Locking Down Access to Your Site
Now it was time to lock down the site’s access points starting with the WordPress admin account. You would be surprised how often I come across clients’ sites where not much thought was put into creating a secure username and password. This client was no exception. One tool that I use to help me generate strong passwords is Norton’s password generator.
Another consideration at this stage was securing other access points. Here’s a short list of items you should add to your checklist:
- cPanel/host access
- FTP access
- Database access
Make sure that, for all of these access points, you create a unique username and a strong password.
Alter WordPress’ Database Prefix
One thing that I do on all my clients’ sites is modify the table prefix that WordPress uses by default. It’s the line that says “wp_” in the wp-config.php. I usually change it to some alpha numeric prefix unique to each of my clients. This makes it harder for the bad guys to access/alter data directly from the database.
Another common attack vector involves altering the wp-config.php file. So I make it a point to move this file to another directory. The config file can live one directory above the public facing directory. Normally the folder is called html, www, public or public_html. I move my wp-config.php file so they it’s at the same level as the site root. WordPress will look for it in the current directory first. If it doesn’t find it there, WordPress will go up one level in the directory structure and look for it there and so on until it hits the site’s root directory. Moving this file there will make it inaccessible to the public via the browser.

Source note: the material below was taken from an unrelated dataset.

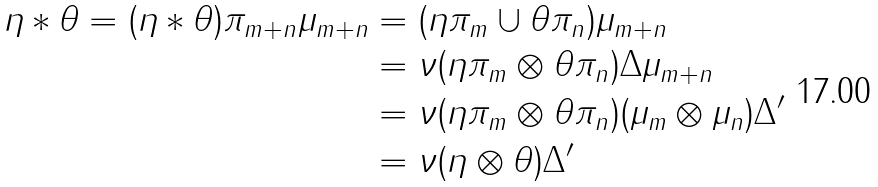<formula> <loc_0><loc_0><loc_500><loc_500>\eta \ast \theta = ( \eta \ast \theta ) \pi _ { m + n } \mu _ { m + n } & = ( \eta \pi _ { m } \cup \theta \pi _ { n } ) \mu _ { m + n } \\ & = \nu ( \eta \pi _ { m } \otimes \theta \pi _ { n } ) \Delta \mu _ { m + n } \\ & = \nu ( \eta \pi _ { m } \otimes \theta \pi _ { n } ) ( \mu _ { m } \otimes \mu _ { n } ) \Delta ^ { \prime } \\ & = \nu ( \eta \otimes \theta ) \Delta ^ { \prime }</formula>

My last step involved checking my client’s site on a mobile device. For some reason on mobile devices my client’s site kept downloading casino applications. I immediately checked out the .htaccess file and sure enough it had been compromised. It probably happened because they were running an older, less secure version of WordPress for so long. Fixing it was a simple matter of creating a new .htaccess file and testing to make sure their mobile experience was no longer compromised.
Fortunately it didn’t take long for my client’s business to return back to normal. They also realized that they weren’t in a position to maintain WordPress security on their own. So they happily signed up for one of our ongoing maintenance packages to help keep their site secure. Things have been running smoothly ever since.

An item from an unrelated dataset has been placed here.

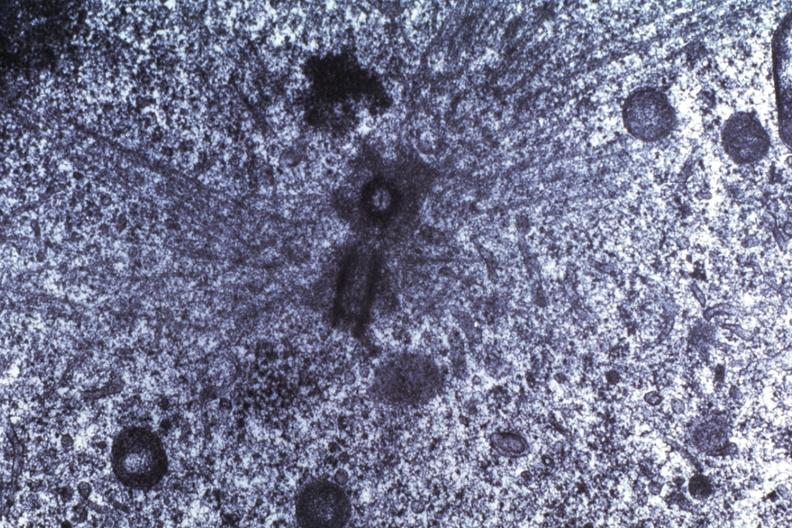what is present?
Answer the question using a single word or phrase. Medulloblastoma

Take my advice, and don’t let this happen to your business. Put these WordPress security strategies into practice from the very beginning and avoid the mess. And if you don’t know how or don’t have the time, hire an expert to do it for you. Believe me, most of us that do this kind of work would prefer not to swing to the rescue like Batman after the bad guys have blown up Gotham. We prefer doing all the little things every day to make sure that the Joker never gets out of Arkham in the first place.